I have a dataset that has an ID value, month, and sales.
Example: ["2020-01-01", 1, 2.0], ["2020-02-01", 1, 3.0], etc...
I have a few hundred thousand different IDs and only the months ranging from "2019-12-01"-"2020-04-01" and "2021-12-01"-"2021-04-01".

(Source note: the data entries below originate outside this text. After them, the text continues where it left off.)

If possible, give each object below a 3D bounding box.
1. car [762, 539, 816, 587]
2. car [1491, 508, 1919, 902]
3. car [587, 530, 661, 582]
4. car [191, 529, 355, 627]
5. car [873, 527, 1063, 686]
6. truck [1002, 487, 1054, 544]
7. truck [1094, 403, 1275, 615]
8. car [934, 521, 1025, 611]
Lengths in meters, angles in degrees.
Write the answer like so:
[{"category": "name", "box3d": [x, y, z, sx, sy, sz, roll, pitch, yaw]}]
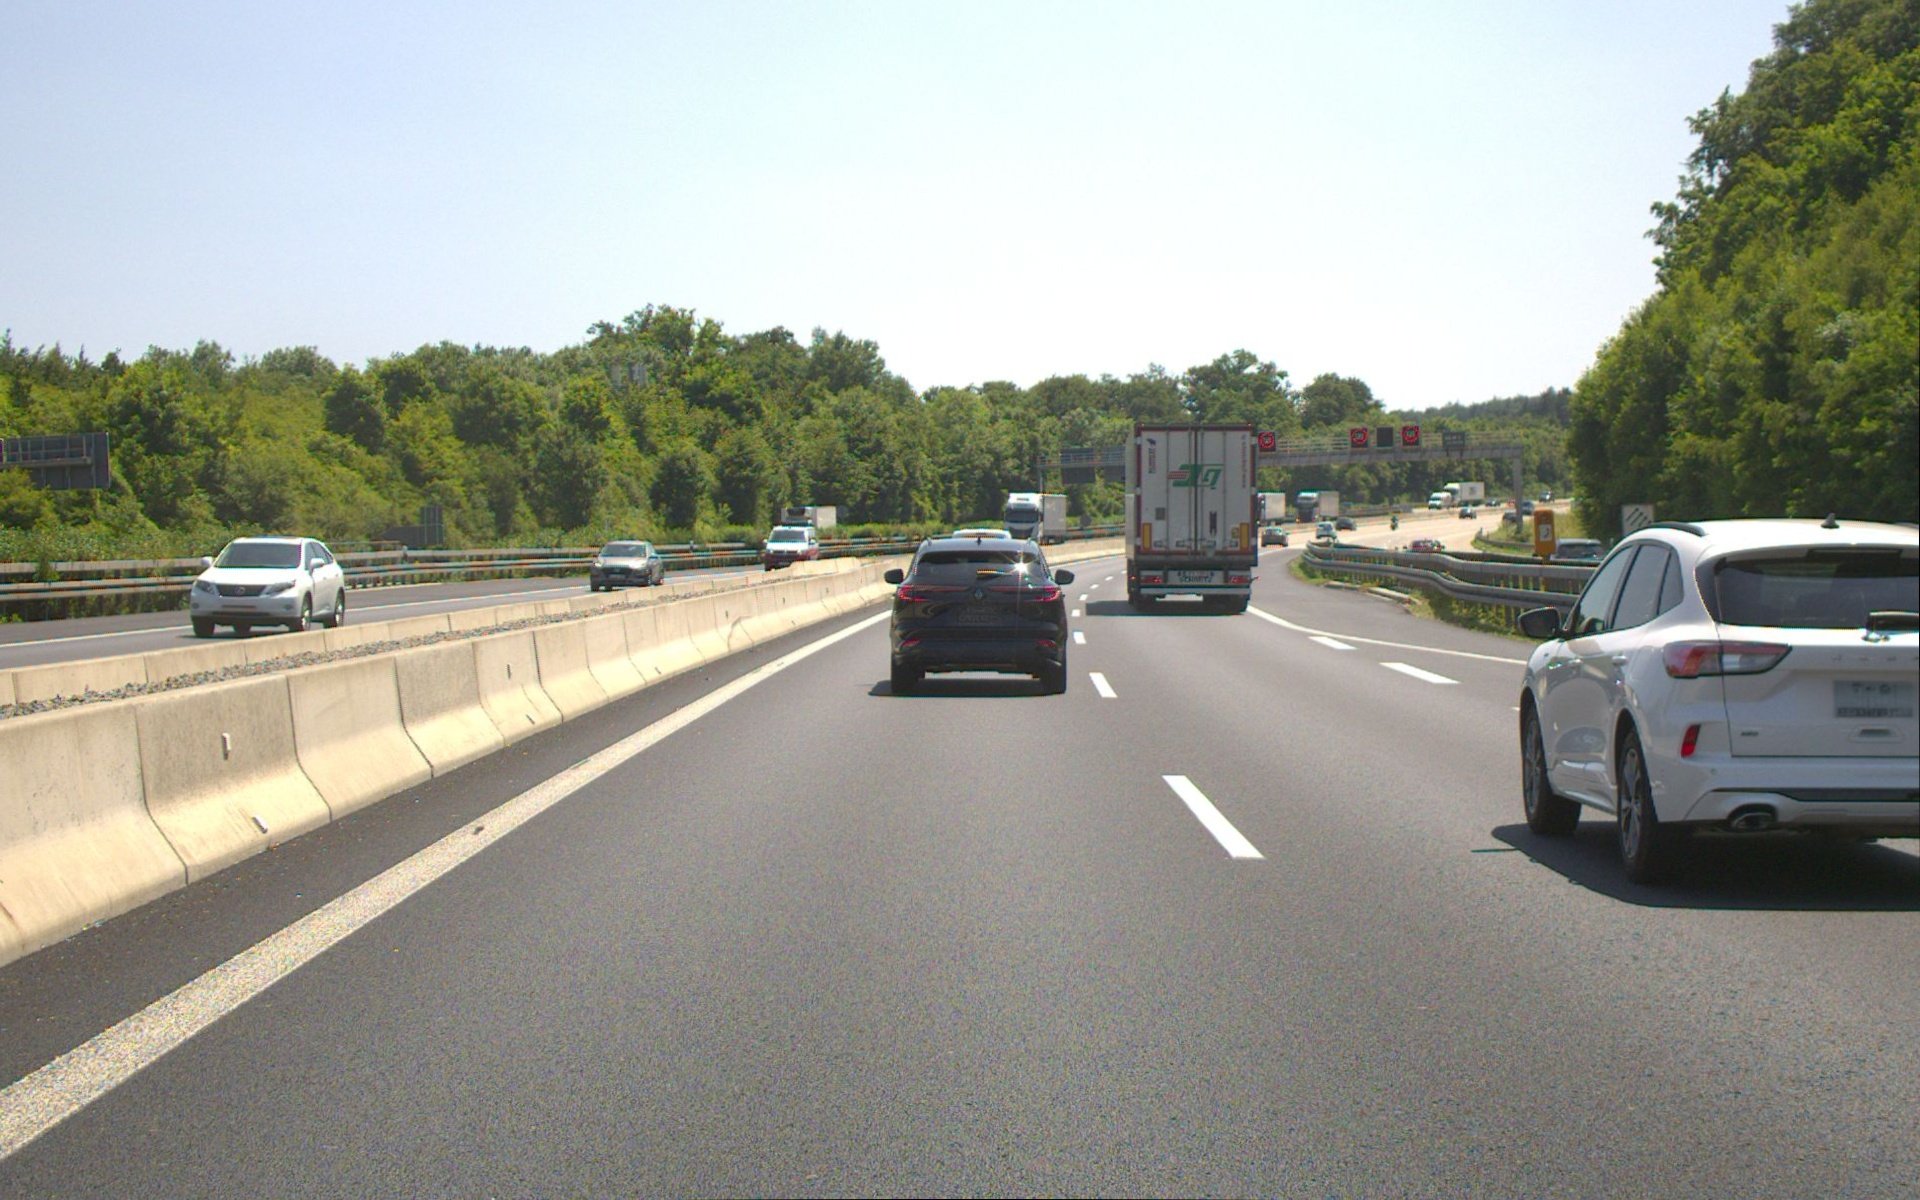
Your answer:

I am trying to impute 0.0 for all IDs that is missing a month between 2019-12-01 to 2021-04-01.
My attempted code is:
months = ["2020-01-01", "2020-02-01", "2020-03-01", "2020-04-01", "2020-05-01", "2020-06-01", "2020-07-01", "2020-08-01", "2020-09-01", "2020-10-01", "2020-11-01", "2020-12-01",
"2021-01-01", "2021-02-01", "2021-03-01", "2021-04-01", "2021-05-01", "2021-06-01", "2021-07-01", "2021-08-01", "2021-09-01", "2021-10-01", "2021-11-01"]
lst = []
for id_ in df_1["ID"].unique().tolist():
for month in months:
if ((df_2['ID'] == id_) & (df_2['month_year'] == month)).any():
pass
else:
lst.append([id_, month, 0])
But this code is way too inefficient.
Any ideas how to speed this up?
For reference, df_2 is all the unique IDs and month combinations.
df_1:
ID month_year Sales_Qty
11/2/2200001340 2020-03-01 4.0
11/2/2200001340 2020-04-01 63.0
11/2/2200001340 2021-02-01 22.0
11/2/2200001973 2020-02-01 2.0
CodePudding user response:
Try this
f = lambda x : x.reindex(months).fillna(0)
df_out = df_1.set_index('month_year').groupby('ID')['Sales_Qty'].apply(f).reset_index()
Grouping by id and using the unique list of months as an index should be more efficient.